Smile news

Retrieval for structured data: a precision-first alternative to vector-only RAG on excel tables

  • Date de l’événement May. 07 2025
  • Temps de lecture min.

Discover a hybrid information retrieval approach combining vector search and deterministic queries to ensure absolute accuracy on structured data, such as Excel tables, while preserving the power of LLMs.

Introduction

Retrieval-Augmented Generation (RAG) has become the default pattern for talking with corporate documentation through large-language-models (LLM). Most public examples focus on unstructured documents (PDF, HTML, Markdown) - where embeddings + vector similarity search shine. But the moment we work with highly structured data such as Excel or CSV tables, the standard seams to be not helpful:

  • Semantic collapse: adjacent rows differ by tiny lexical changes.
  • Embedding swamping: nearest-neighbor search (cosine distances) returns “almost the same” row, not necessarily the exact one.
  • Numbers blur in embedding space: to the model, “120 mm” and “130 mm” can look almost identical, so queries that rely on exact diameters may drift to the wrong row.

In compliance-oriented environments (chemical piping, aerospace part matching, medical dosages, …) almost correct is absolutely wrong. This article proposes and evaluates a hybrid retrieval stack that couples a classic No-SQL data storing with a lightweight LLM-intent detector, delegating Excel queries to deterministic look-ups while preserving RAG for genuinely unstructured passages.

 

Why vector-only fails on repetitive tables

Consider the miniature compatibility matrix below (CSV format for brevity).

Pipe-A

Pipe-B

100 mm

100 mm

100 mm

120 mm

100 mm

130 mm

120 mm

120 mm

120 mm

130 mm

The “one-sentence-per-row” strategy converts each line into a natural-language chunk, as follows (example for the second row):

“A Pipe-A of 100 mm diameter is compatible with a Pipe-B of 120 mm diameter.”

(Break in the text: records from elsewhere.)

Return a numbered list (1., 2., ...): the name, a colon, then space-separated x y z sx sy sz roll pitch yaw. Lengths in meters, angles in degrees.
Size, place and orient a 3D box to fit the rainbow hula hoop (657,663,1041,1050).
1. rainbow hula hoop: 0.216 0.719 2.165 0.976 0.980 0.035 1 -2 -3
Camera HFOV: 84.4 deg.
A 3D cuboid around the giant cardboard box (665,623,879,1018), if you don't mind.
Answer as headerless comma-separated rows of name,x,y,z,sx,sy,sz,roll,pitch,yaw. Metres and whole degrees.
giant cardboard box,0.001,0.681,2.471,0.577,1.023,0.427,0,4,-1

Feed those five snippets into an embedding model (e.g. text-embedding-3-large or multilingual-e5-large) and you obtain five vectors that differ mostly in two token positions. In practice, the sentence embeddings are over 95 % alike, so the model can’t tell one row from another. A typical top-k (k = 3) retrieval therefore cannot guarantee that the numerically exact row surfaces; the wrong 130 mm pairing may rank above the true 120 mm entry simply because of sub-token rounding or float representation.

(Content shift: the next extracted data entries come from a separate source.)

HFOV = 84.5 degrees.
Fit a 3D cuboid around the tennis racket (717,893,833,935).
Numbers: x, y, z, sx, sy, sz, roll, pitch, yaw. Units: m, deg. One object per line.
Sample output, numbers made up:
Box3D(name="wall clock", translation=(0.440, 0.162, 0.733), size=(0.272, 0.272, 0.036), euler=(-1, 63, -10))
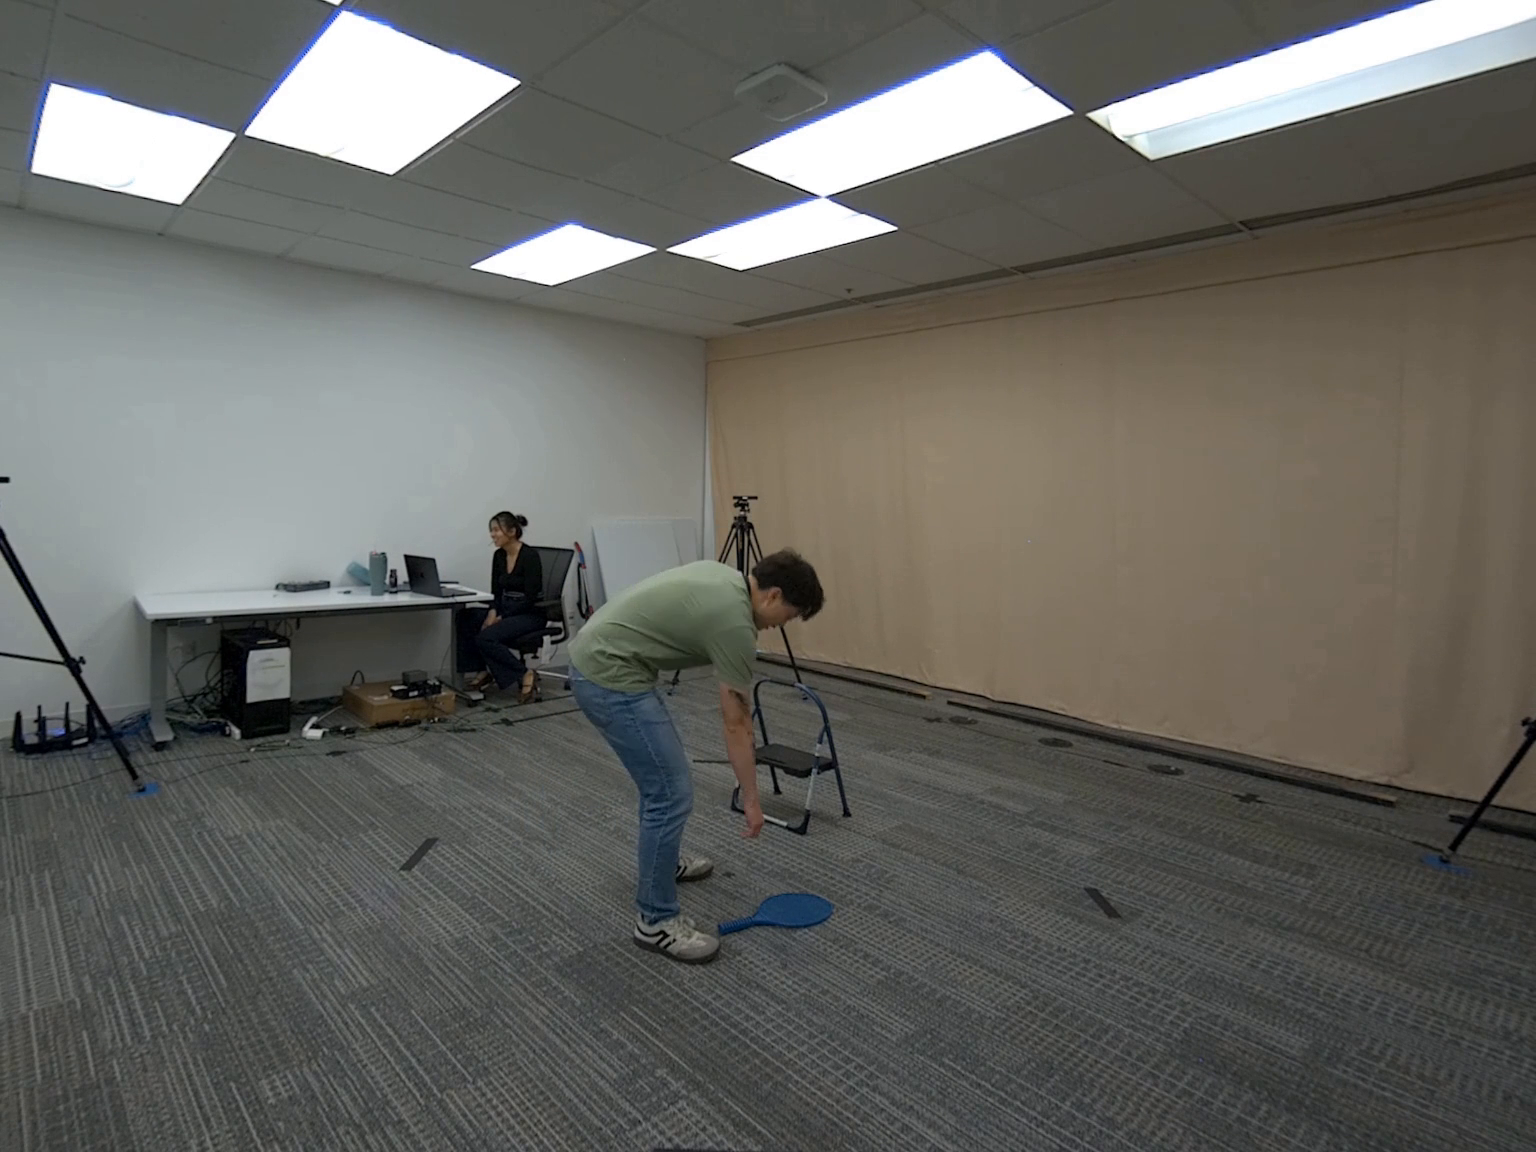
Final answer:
Box3D(name="tennis racket", translation=(0.025, 1.127, 2.786), size=(0.423, 0.031, 0.219), euler=(-1, 6, -34))
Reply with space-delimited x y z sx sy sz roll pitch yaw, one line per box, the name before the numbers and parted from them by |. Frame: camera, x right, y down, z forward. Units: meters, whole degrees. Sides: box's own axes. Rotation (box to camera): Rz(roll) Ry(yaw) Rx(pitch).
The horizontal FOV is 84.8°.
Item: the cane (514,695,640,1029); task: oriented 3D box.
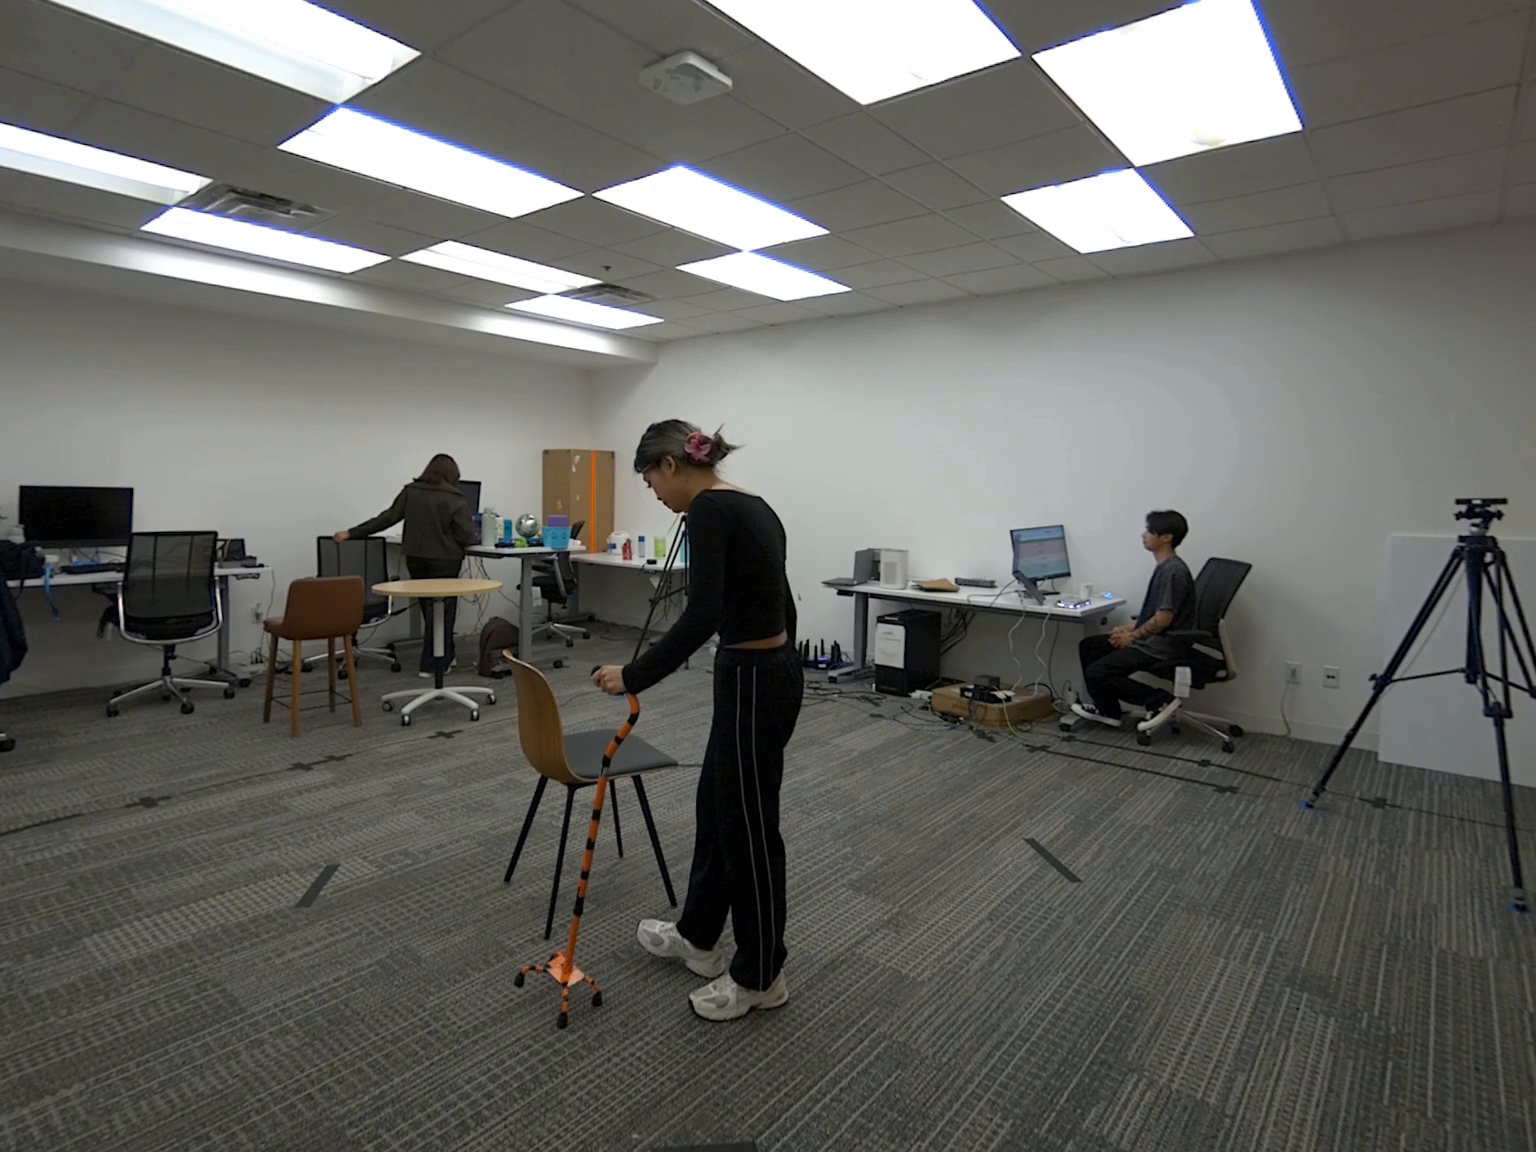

Fine-tuning embeddings on synthetically generated numeric paraphrases helps a little, but the cost-benefit ratio is unattractive when:

  • the table is very small (a few hundreds of rows);
  • numeric precision is mandatory;
  • latency must stay under 100 ms.

 

The hybrid retrieval pattern

A classic RAG pipeline has three hops:

  1. Embedding: All text fragments (PDF paragraphs, HTML blocks, and table rows) are turned into dense vectors.
  2. Similarity search: The user question is embedded, and vector search retrieve the “closest” vectors (most relevant data).
  3. Generation: The retrieved content is injected into the LLM together with the question, and it produces an answer.

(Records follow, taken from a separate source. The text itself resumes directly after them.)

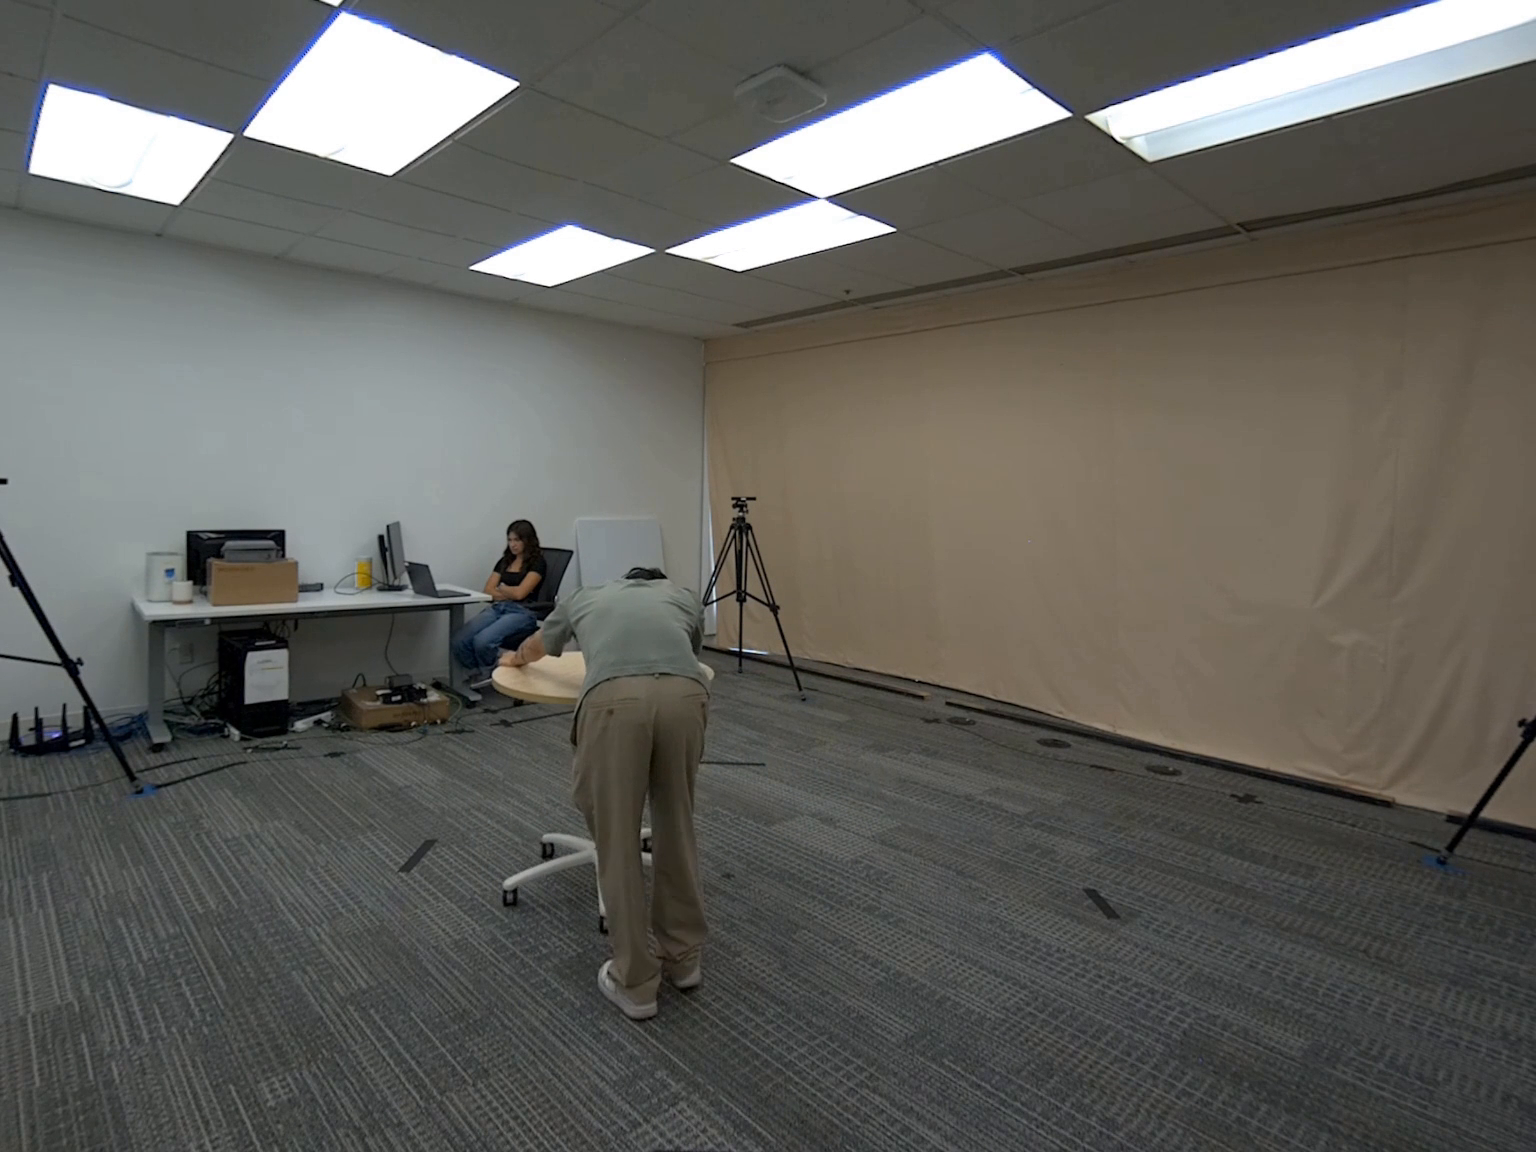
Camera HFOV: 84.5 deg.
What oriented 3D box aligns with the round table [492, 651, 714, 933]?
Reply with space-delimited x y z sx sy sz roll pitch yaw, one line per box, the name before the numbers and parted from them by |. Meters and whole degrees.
round table | -0.606 0.726 2.979 0.784 0.784 0.788 2 4 -2
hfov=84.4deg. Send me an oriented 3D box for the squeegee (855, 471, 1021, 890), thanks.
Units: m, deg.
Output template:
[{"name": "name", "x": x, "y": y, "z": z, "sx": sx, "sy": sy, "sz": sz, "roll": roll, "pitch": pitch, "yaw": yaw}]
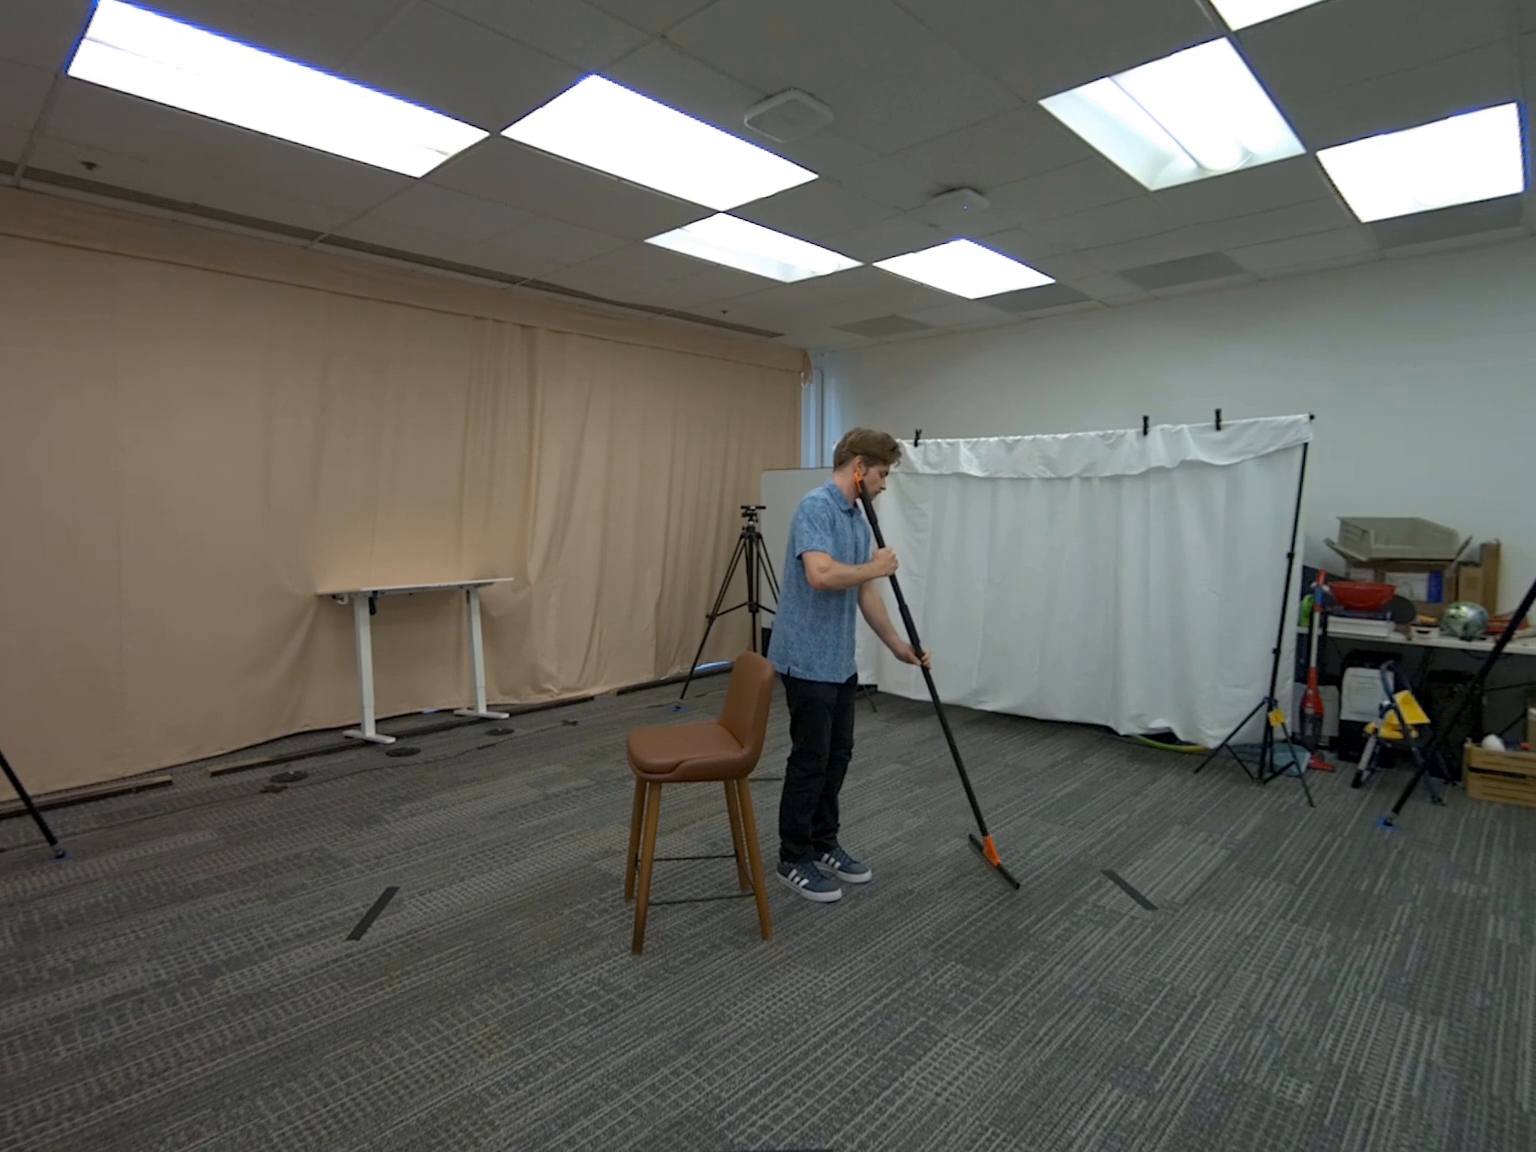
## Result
[{"name": "squeegee", "x": 0.597, "y": 0.378, "z": 3.029, "sx": 0.053, "sy": 1.524, "sz": 0.442, "roll": -20, "pitch": 9, "yaw": -4}]

That works beautifully for prose, but fails for the millimetre-level precision of engineering tables.

The hybrid pattern splits responsibilities, instead of forcing every data type through the same vector gate:

 

Tabular data storing

The information in tabular files is stored in structured databases. In our particular use-case, the volume of the information to use was very small (few hundreds of lines), so our choice pointed to a Cache for Redis, so the data is loaded in memory, facilitating the access and reducing the latency to the minimum.

 

Intent and slot extraction

By using small LLMs + system prompt (few-shot), this layer is responsible for the extraction of the user intent, and the related parameters (slots): does the user ask “Are X and Y compatible?” and if so, what are the values?

 

Deterministic lookup

If the slots are sents, we fetch the exact data from the database and convert the canonical row into human-readable sentence(s), to be merged with regular RAG context.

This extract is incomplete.